» **EXERCISE REQUIREMENTS**
The lines to copy are those with "horizontal" in them. Pull each one from the entries below.

(Data excerpts)
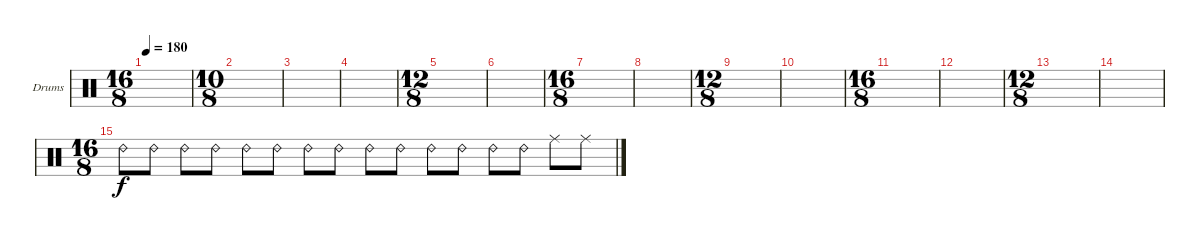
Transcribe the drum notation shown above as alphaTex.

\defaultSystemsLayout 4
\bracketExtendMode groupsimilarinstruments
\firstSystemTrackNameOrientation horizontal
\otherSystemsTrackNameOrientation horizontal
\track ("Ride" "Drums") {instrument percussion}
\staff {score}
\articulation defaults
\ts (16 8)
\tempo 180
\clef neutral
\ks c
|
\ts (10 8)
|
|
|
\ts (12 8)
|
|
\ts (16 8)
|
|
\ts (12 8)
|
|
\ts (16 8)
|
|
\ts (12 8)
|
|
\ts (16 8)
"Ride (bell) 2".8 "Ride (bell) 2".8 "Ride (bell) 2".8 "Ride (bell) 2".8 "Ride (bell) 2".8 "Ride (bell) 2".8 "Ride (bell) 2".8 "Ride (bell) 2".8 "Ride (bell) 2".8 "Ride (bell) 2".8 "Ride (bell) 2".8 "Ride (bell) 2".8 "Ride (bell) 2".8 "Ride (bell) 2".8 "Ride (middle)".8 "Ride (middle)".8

» **EXPECTED ANSWER**
\firstSystemTrackNameOrientation horizontal
\otherSystemsTrackNameOrientation horizontal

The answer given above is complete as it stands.